In addition, in the fourth quarter of 2021, the Chief Executive Officer reviewed the contributions and responsibilities of Mr. Voliva, then President of HLS and an HF Sinclair Shared Officer, and determined that Mr. Voliva would participate in HEP’s annual incentive cash bonus compensation program for 2022 in light of his increased responsibilities for HLS and HEP following Mr. Cunningham’s Retirement. The terms of Mr. Voliva’s annual incentive cash bonus award and the determination of his final payout upon his separation are discussed below in the section titled “Annual Incentive Cash Bonus Compensation.”
Base Salary
Base salary for Mr. Cunningham for 2022 was determined by the then-current President of HLS in the fourth quarter of 2021. The President considered Mr. Cunningham’s position, performance in 2021, and the forthcoming transition of his responsibilities to four different individuals at HLS, effective January 1, 2022, in preparation for his Retirement. Following a review of the various factors listed above, Mr. Cunningham’s 2022 base salary remained unchanged from 2021 at $342,505.
Annual Incentive Cash Bonus Compensation
The performance period for HEP’s 2022 annual incentive cash bonus program commenced on October 1, 2021 and ended on September 30, 2022. Target awards and performance metrics for the 2022 annual incentive cash bonus program for Mr. Cunningham were determined by the then-current President of HLS in the fourth quarter of 2021.
Historically, HF Sinclair Shared Officers have not participated in HEP’s annual incentive cash bonus program. However, in October 2021, the Chief Executive Officer reviewed the contributions of Mr. Voliva, then President of HLS and an HF Sinclair Shared Officer, and determined that Mr. Voliva would participate in HEP’s 2022 annual incentive cash bonus program in light of his increased responsibilities for HLS and HEP in 2022 following Mr. Cunningham’s Retirement.
As Mr. Voliva was an HF Sinclair Shared Officer and did not receive a separate base salary solely for his contributions to HLS and HEP in 2022, the Chief Executive Officer set his target bonus opportunity at $400,000, based on a target bonus percentage of 100% and subject to the financial, operational and strategic and individual performance measures applicable to other participants in the annual incentive cash bonus program as described below.
Any annual incentive cash bonus compensation granted by HF Sinclair for 2022 to any of the HF Sinclair Shared Officers will be disclosed in HF Sinclair’s 2023 Proxy Statement to the extent such individuals are “named executive officers” of HF Sinclair for the 2022 fiscal year.
The following table sets forth the minimum, target and maximum award opportunities for Mr.

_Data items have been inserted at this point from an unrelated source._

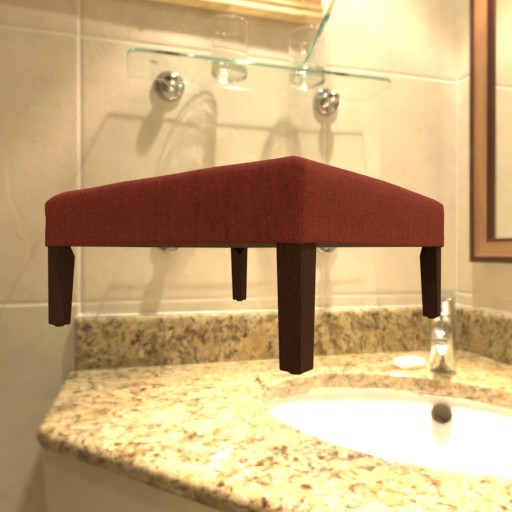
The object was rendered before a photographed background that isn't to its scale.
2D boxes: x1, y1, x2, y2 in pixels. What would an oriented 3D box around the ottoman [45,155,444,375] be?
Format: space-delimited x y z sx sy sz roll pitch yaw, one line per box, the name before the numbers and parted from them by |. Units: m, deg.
ottoman | 0.000 0.000 1.377 0.889 0.411 0.890 1 1 38
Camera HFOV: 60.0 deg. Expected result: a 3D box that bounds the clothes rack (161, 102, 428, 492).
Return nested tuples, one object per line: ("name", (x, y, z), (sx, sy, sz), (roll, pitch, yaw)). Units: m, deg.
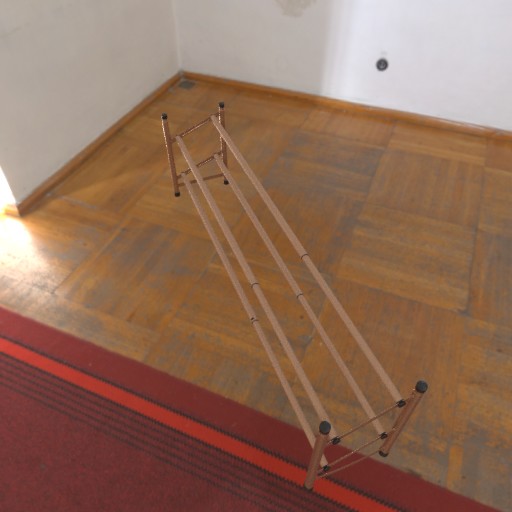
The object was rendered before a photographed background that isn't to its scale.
("clothes rack", (0.000, 0.000, 1.289), (0.229, 0.349, 1.168), (-17, 49, -15))

Cunningham (as a percentage of annual base salary) and Mr. Voliva (as a percentage of his $400,000 target bonus opportunity) for 2022, and the portion of the target award opportunity that is allocated to each performance measure (as a percentage of his annual base salary for Mr. Cunningham and as a percentage of target bonus opportunity for Mr. Voliva). The target percentages for Mr. Cunningham were unchanged from the 2021 year. Mr. Voliva did not participate in the annual incentive cash bonus program in the 2021 year.

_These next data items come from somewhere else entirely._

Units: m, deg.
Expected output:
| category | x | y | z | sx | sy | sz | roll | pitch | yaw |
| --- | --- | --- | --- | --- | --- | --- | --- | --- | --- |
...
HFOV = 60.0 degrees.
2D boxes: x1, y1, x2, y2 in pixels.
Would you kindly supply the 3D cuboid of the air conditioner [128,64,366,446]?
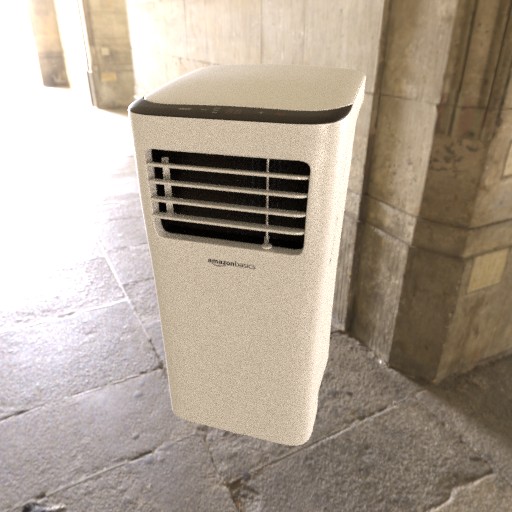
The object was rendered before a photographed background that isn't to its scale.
| category | x | y | z | sx | sy | sz | roll | pitch | yaw |
| --- | --- | --- | --- | --- | --- | --- | --- | --- | --- |
| air conditioner | 0.000 | 0.000 | 0.927 | 0.352 | 0.716 | 0.369 | 8 | 29 | 15 |
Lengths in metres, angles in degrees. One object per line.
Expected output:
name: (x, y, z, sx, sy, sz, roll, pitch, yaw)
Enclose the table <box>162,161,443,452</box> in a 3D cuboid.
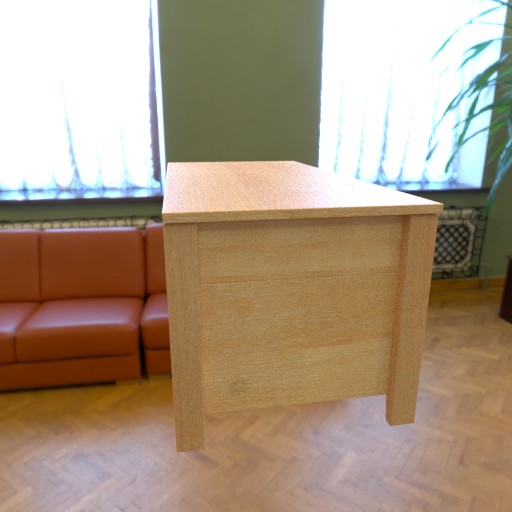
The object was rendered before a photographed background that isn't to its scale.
table: (0.000, 0.000, 1.277, 0.483, 0.457, 1.016, -3, 17, -10)
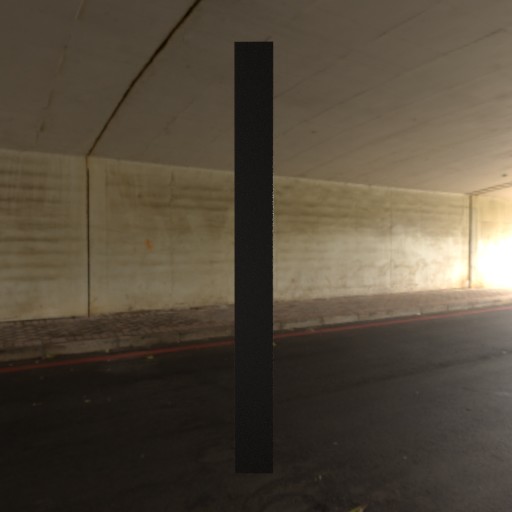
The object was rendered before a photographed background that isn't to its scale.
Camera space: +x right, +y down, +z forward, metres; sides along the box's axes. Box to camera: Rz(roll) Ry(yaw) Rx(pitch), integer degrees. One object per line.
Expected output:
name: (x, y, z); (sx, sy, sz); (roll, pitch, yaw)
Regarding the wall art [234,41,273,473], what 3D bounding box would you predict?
wall art: (0.000, 0.000, 0.490); (0.029, 0.318, 0.327); (0, 1, 1)
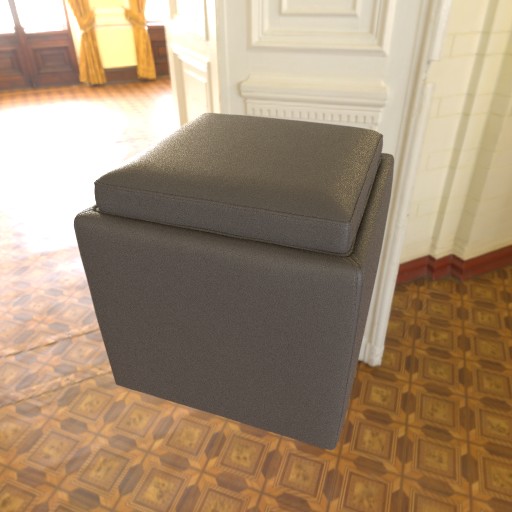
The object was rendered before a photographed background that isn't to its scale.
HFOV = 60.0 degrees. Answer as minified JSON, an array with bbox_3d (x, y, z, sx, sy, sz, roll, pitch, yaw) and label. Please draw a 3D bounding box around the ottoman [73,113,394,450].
[{"bbox_3d":[0.000,0.000,0.857,0.451,0.460,0.450,11,35,16],"label":"ottoman"}]
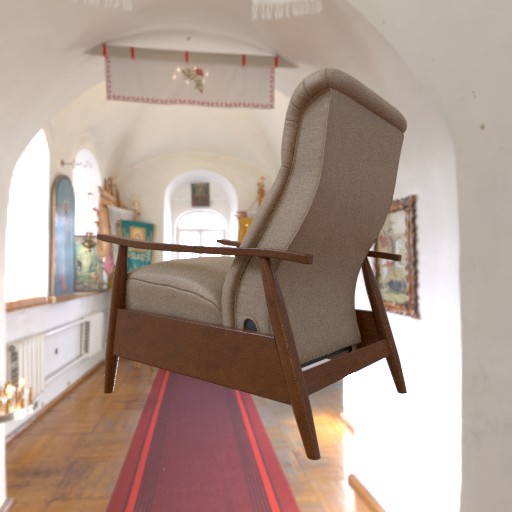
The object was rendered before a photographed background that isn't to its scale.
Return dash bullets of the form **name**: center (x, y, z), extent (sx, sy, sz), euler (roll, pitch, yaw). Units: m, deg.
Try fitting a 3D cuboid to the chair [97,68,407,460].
- **chair**: center (0.000, 0.000, 1.755), extent (1.030, 1.082, 0.762), euler (0, 0, 37)
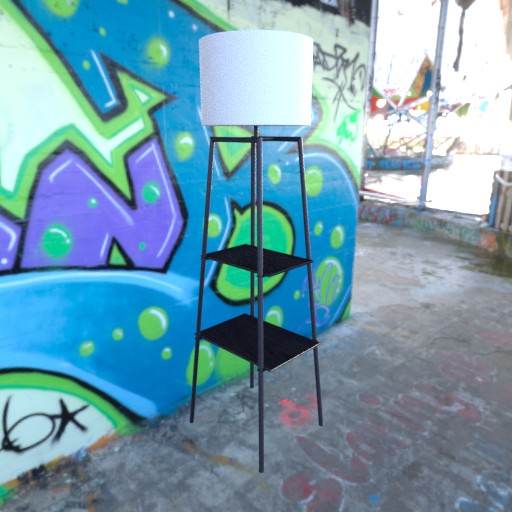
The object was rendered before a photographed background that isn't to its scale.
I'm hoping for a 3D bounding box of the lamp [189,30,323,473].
[{"bbox_3d":[0.000,0.000,1.670,0.427,1.474,0.384,15,22,42],"label":"lamp"}]
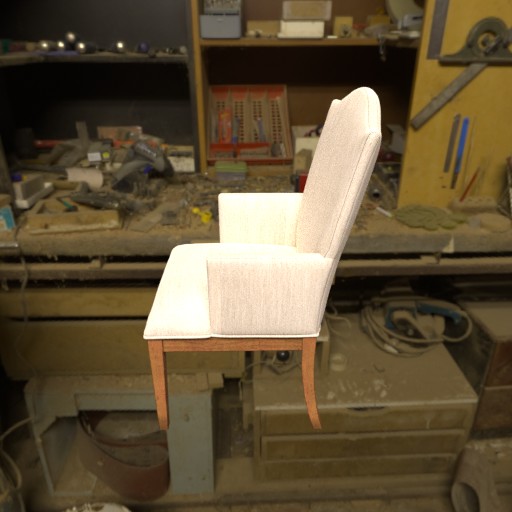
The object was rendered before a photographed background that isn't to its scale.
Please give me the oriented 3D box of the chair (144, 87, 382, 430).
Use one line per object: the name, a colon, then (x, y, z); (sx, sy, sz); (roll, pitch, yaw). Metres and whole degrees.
chair: (0.000, 0.000, 1.420); (0.641, 1.016, 0.533); (0, 27, 0)
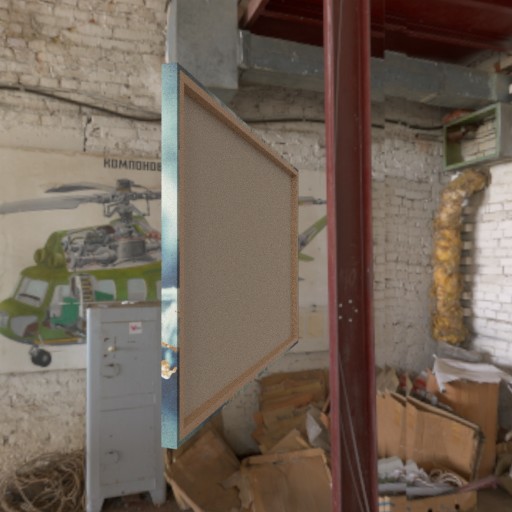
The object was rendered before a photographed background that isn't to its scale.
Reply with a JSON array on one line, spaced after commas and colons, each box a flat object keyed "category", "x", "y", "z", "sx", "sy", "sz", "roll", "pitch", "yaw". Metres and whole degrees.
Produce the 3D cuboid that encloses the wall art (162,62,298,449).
[{"category": "wall art", "x": 0.000, "y": 0.000, "z": 1.416, "sx": 0.035, "sy": 0.759, "sz": 1.138, "roll": 0, "pitch": 0, "yaw": 17}]
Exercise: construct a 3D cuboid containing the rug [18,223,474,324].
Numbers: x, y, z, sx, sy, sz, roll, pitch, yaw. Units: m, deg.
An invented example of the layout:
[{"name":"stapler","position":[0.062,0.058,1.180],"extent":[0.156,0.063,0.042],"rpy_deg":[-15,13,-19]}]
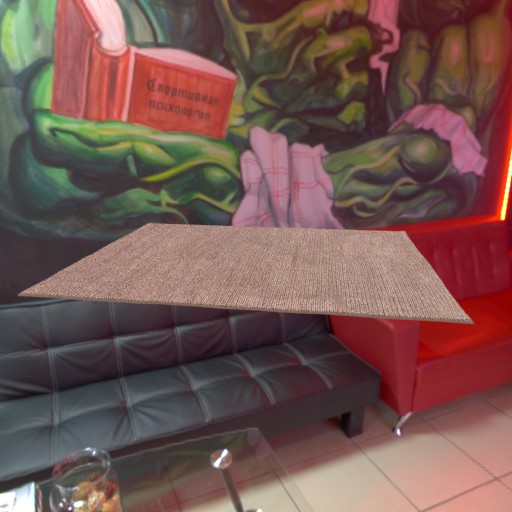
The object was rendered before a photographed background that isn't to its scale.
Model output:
[{"name":"rug","position":[0.000,0.000,4.061],"extent":[3.052,0.030,2.429],"rpy_deg":[2,16,8]}]
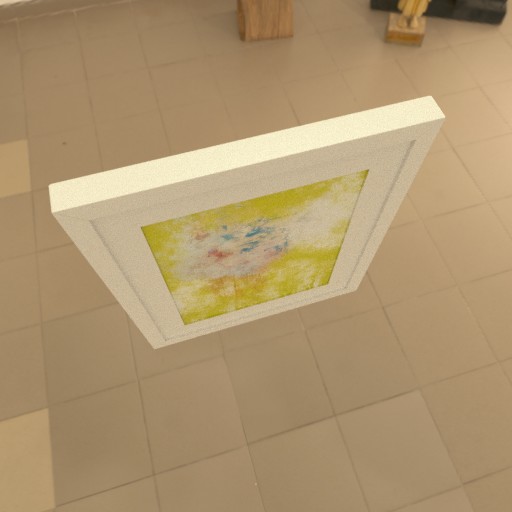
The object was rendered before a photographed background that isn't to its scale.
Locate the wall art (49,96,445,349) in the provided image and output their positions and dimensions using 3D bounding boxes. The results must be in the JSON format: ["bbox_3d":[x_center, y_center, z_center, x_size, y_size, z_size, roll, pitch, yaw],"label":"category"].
[{"bbox_3d":[0.000,0.000,0.531,0.331,0.381,0.028,-15,64,-8],"label":"wall art"}]

| | | | | | | | | | | | | | | | | | | | |
| Award Opportunities | Allocation Among Performance Measures (as a percentage of annual base salary or target bonus, as applicable) |
Name | Minimum | Target | Maximum | Financial Measures | Operational Measures | Strategic and Individual Measures |
Mark T. Cunningham | 22.5% | 45.0% | 90.0% | 18% | 18% | 9% |
Richard L. Voliva III | 50% | 100% | 200% | 40% | 40% | 20% |
The financial measures are weighted equally with the operational measures. Awards are capped to avoid encouraging an excessive short-term focus, potentially at the expense of long-term performance.

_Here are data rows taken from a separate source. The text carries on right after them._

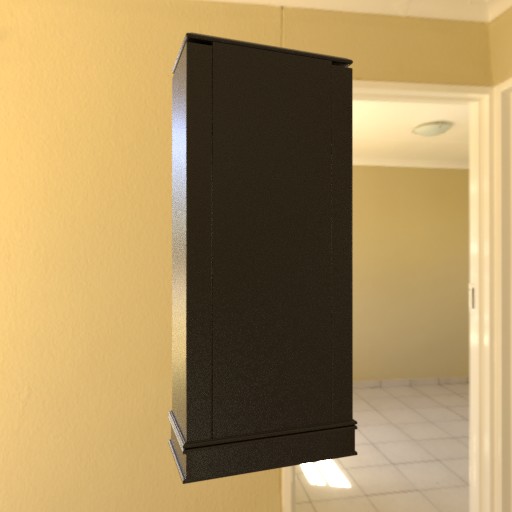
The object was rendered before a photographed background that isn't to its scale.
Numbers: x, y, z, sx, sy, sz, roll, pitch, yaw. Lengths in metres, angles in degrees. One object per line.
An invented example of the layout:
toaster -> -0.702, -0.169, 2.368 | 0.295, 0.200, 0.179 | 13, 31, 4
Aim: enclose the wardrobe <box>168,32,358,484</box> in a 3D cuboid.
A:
wardrobe -> 0.000, 0.000, 1.193 | 0.444, 1.011, 0.295 | 0, 0, -19
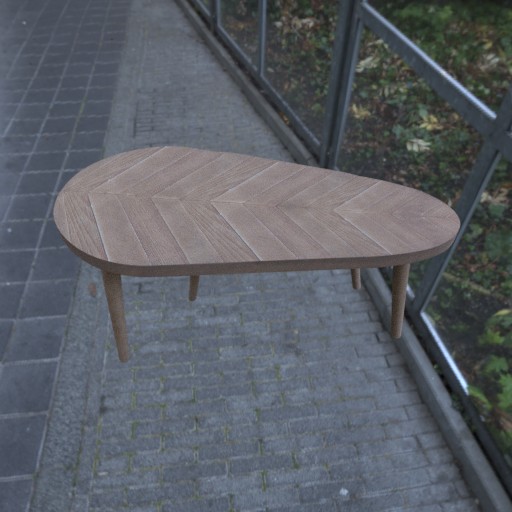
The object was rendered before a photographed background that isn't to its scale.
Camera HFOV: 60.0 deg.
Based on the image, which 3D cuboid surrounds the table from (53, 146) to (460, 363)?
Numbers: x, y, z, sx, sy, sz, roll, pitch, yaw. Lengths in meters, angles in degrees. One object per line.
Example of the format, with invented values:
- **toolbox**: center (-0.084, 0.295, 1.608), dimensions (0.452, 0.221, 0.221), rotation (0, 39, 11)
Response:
- **table**: center (0.000, 0.000, 1.580), dimensions (1.190, 0.595, 0.701), rotation (5, 46, 4)

To facilitate timely determination of award payouts, the measurement period for each of the above metrics covers four consecutive quarters starting with the fourth quarter of the preceding year (2021) and ending with the third quarter of the following year (2022).
These awards were subject to our achievement of specified levels of performance with respect to financial, operational and strategic and individual performance measures. The following table sets forth the various components for each measure.
| | | | | | | | |
Performance Measure (percentage of the annual bonus awards) | Components (percentage of each performance measure) | How It’s Measured (percentage of each component) |
Financial (40%) | EBITDA | Cumulative EBITDA performance of HEP vs. Cumulative Target for HEP |
Operational (40%) | • Environmental, Health and Safety (40%)(1)
• Reliability (35%) (2)
• Operating Expense vs. Budget (25%) (3)
| • Recordable Injury Rate • Lost Time Injuries • Vehicle Incidents • Employee Based Environmental Releases
• Solomon Liquid Pipeline Availability
|
Strategic and Individual (20%) | Relevant individual metrics for each named executive officer | Mark T. Cunningham • Safety and environmental • Capital project management
Richard L. Voliva III • Sinclair Integration • Operations Success and Commercial Development • Cash Generation and Return to Unitholders |
(1)The EHS metric is divided into the following four equally weighted measures:
•Recordable Injury Rate, which is based on the number of employees out of 100 that have been involved in a recordable event.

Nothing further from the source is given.